All the API calls were logged in a table with the following structure.
| id | xml_content | created_at | updated_at |
|---|---|---|---|
| 1 | <somecontent> | timestamp | timestamp |
| 2 | <somecontent> | timestamp | timestamp |
| 3 | <somecontent> | timestamp | timestamp |
| 4 | <somecontent> | timestamp | timestamp |
To better understand when we receive these requests, I wanted to segregate them by the hour for a given month. This is fairly simple, and we can write a query as below.
select (date_part('year',created_at)*100 + date_part('month',created_at)) yearmonth,
date_part('hour',created_at) hour_of_day,
count(1) no_of_requests
from call_logs
group by date_part('year',created_at)*100 + date_part('month',created_at),
date_part('hour',created_at)
order by yearmonth desc, hour_of_day
The results of the query look a bit like this.
| yearmonth | hour_of_day | no_of_requests |
|---|---|---|
| 201504 | 00 | 2500 |
| 201504 | 01 | 2200 |
| 201504 | 02 | 2123 |
| … | … | … |
| 201503 | 11 | 1282 |
| … | … | … |
Although this gives the necessary data that we need, it would be easier if the hours appeared as columns rather than rows. Our Postgres query will have to change the shape of the result set based on the number of hours returned in the query.
Postgres has an extension that provides crosstab functionality to create pivot table-like structures called tablefunc. The syntax is a bit verbose, but essentially the crosstab function has the following signature. There are other crosstab signatures, but I will leave it as an exercise for the reader to explore the other signatures.
crosstab(dataset_query::text, category_query::text)
-- returns setof records
We have already written our query to return the dataset. The dataset query should always produce rows with 3 columns. The first column takes the row key. The values in the second column become actual columns on which that table is pivoted. The values in the third column are associated with the values in the second column and appear as values under the column bearing the same value in the crosstab record set.
As this returns a set of records, we will have to typecast the returned records set as a table. If you have a lot of categories returned by the second query, it becomes a bit of a pain to describe it. In our case, since the second column is hour numbers, it can take values from 0 to 23. So we use generate_seriesfunction to generate the values.
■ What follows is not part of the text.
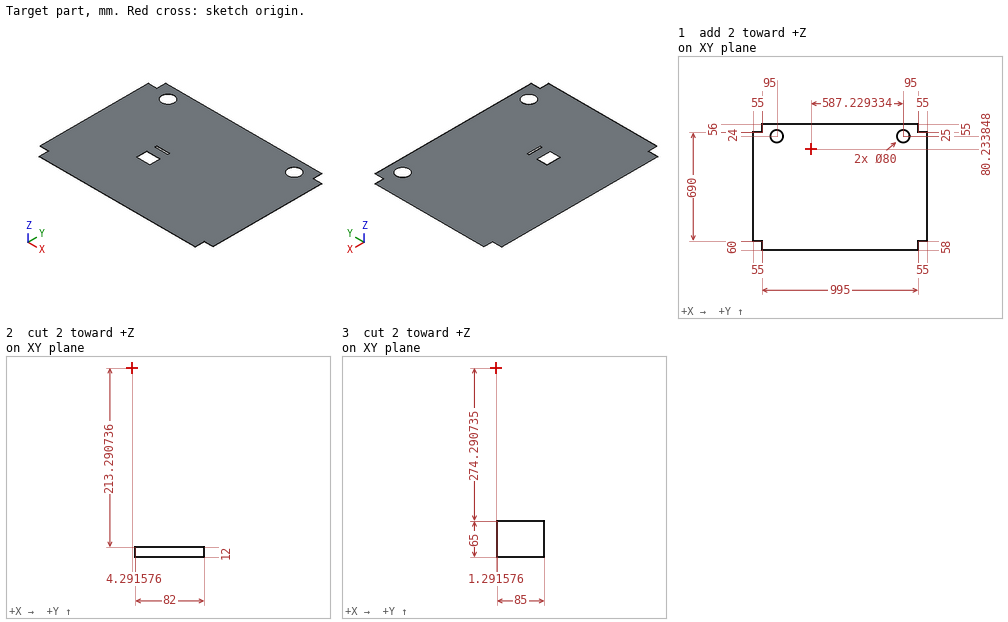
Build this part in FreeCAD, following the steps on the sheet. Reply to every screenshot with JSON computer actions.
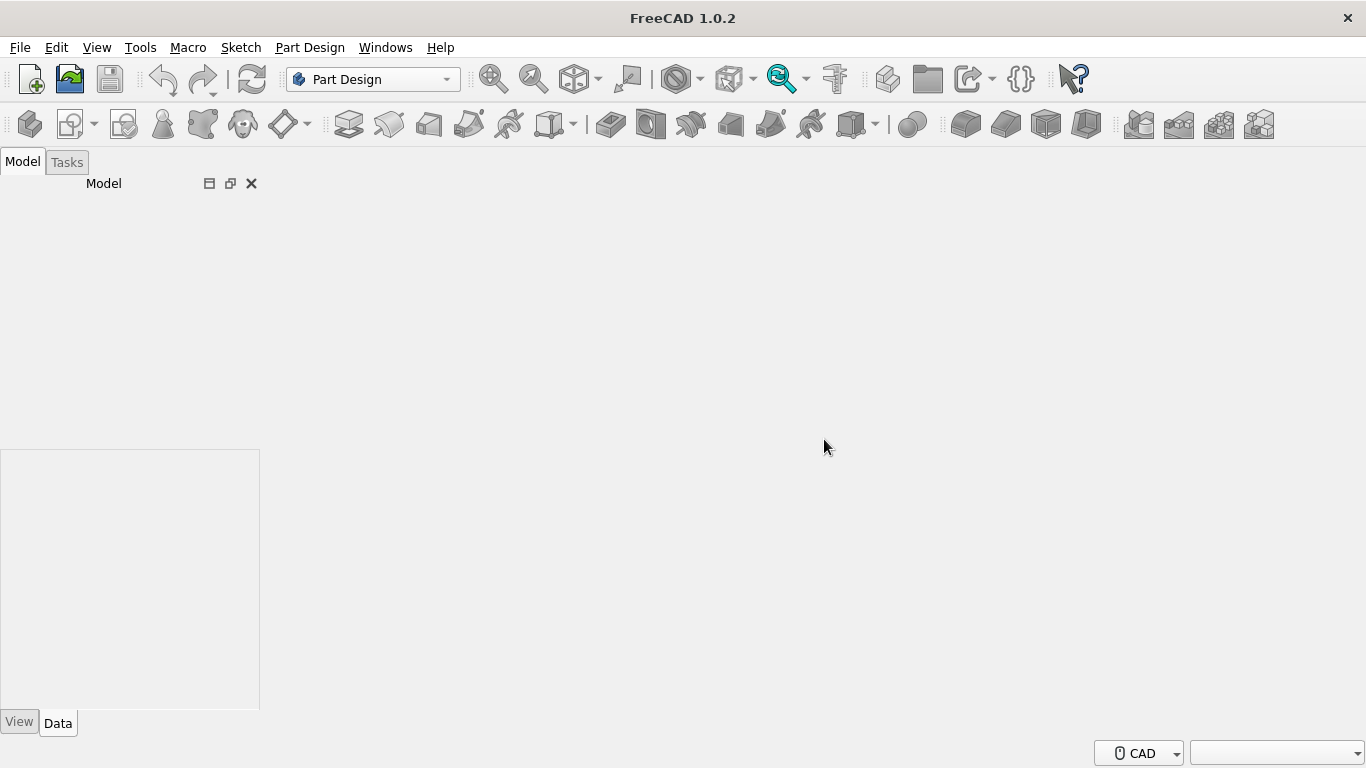
{"action": "left_click", "coordinate": [30, 80]}

Since our query has single quotes, we need to escape them properly. Postgres has dollar-quoted strings that let us express queries within $tag$ tags and it auto-escapes the quotes for us. This makes the query quite readable. So the resulting final query looks a bit like this.
select * from crosstab(
-- dataset query
$q$select (date_part('year',created_at)*100 +
date_part('month',created_at)) yearmonth, date_part('hour',created_at)
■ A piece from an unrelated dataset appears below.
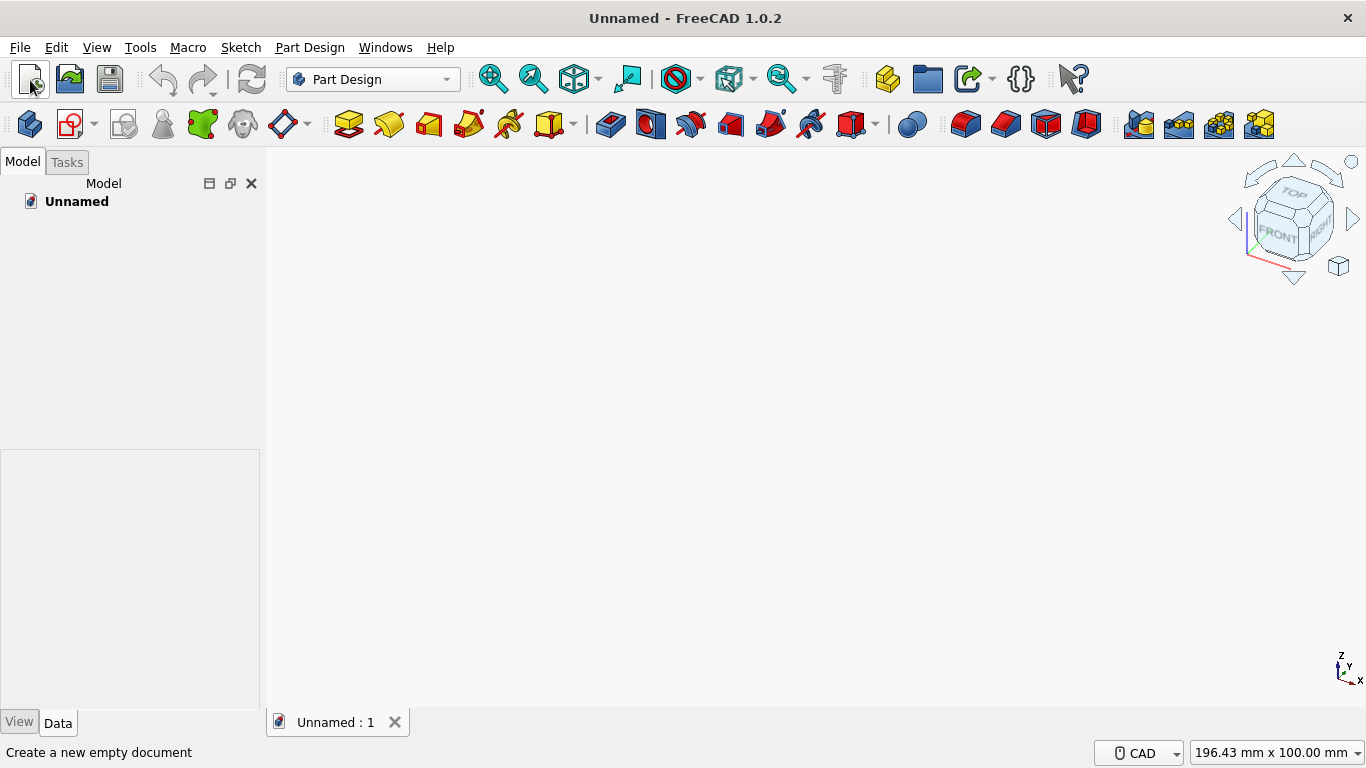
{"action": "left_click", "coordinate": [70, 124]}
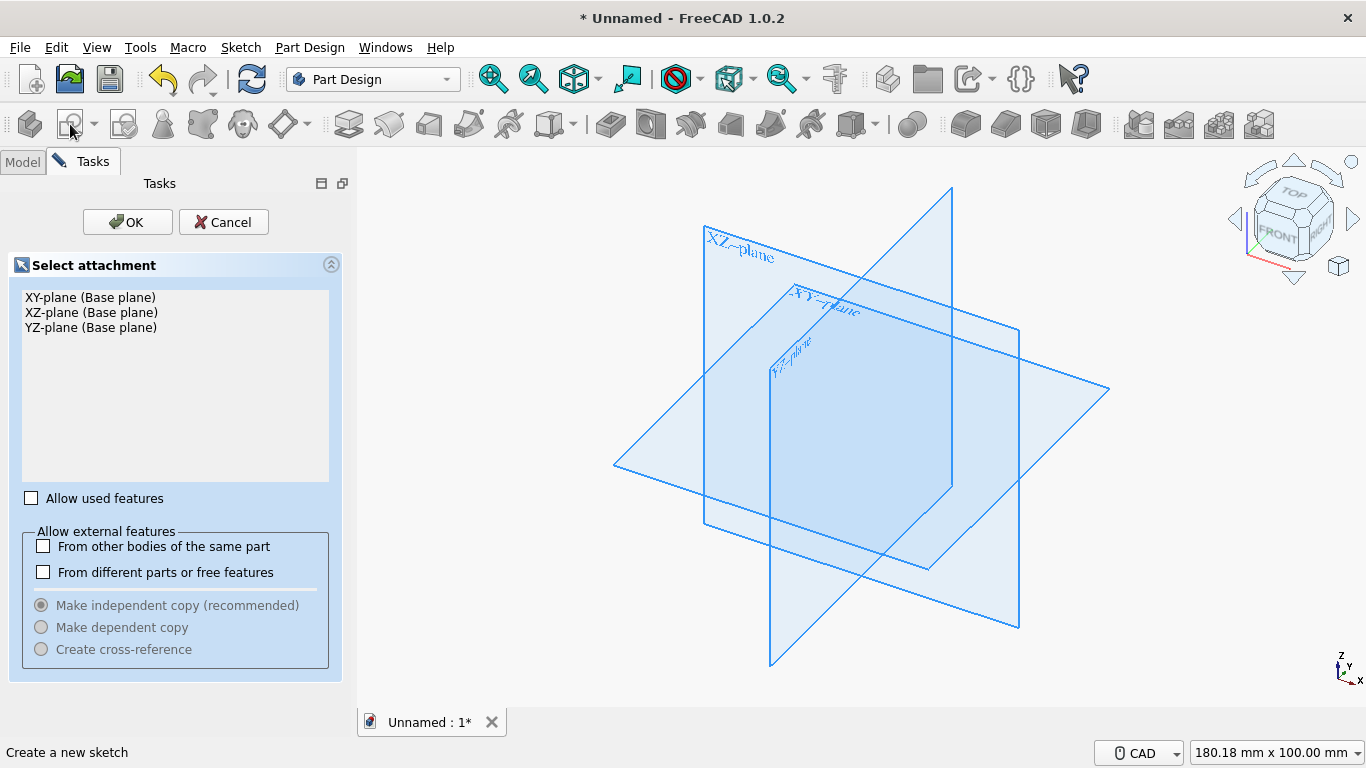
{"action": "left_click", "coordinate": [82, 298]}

hour_of_day, count(1) no_of_requests
from call_logs
group by date_part('year',created_at)*100 + date_part('month',created_at),
date_part('hour',created_at) order by yearmonth desc, hour_of_day$q$,
-- category query
$q$ select * from generate_series(0,23)$q$)
as (datepart float, h00 bigint, h01 bigint, h02 bigint,
h03 bigint, h04 bigint, h05 bigint, h06 bigint,
h07 bigint, h08 bigint, h09 bigint, h10 bigint,
h11 bigint, h12 bigint, h13 bigint, h14 bigint,
h15 bigint, h16 bigint, h17 bigint, h18 bigint,
h19 bigint, h20 bigint, h21 bigint, h22 bigint,
h23 bigint);
This produces a result that looks like this.
| yearmonth | h00 | h01 | h02 | h03 | … | h22 | h23 |
|---|---|---|---|---|---|---|---|
| 201504 | 2312 | 2323 | 2323 | 2311 | … | 2223 | 1132 |
| 201503 | 2322 | 2323 | 2263 | 2311 | … | 2223 | 1132 |
This extension makes it very easy to visualize tabular data with PostgreSQL using pivot tables.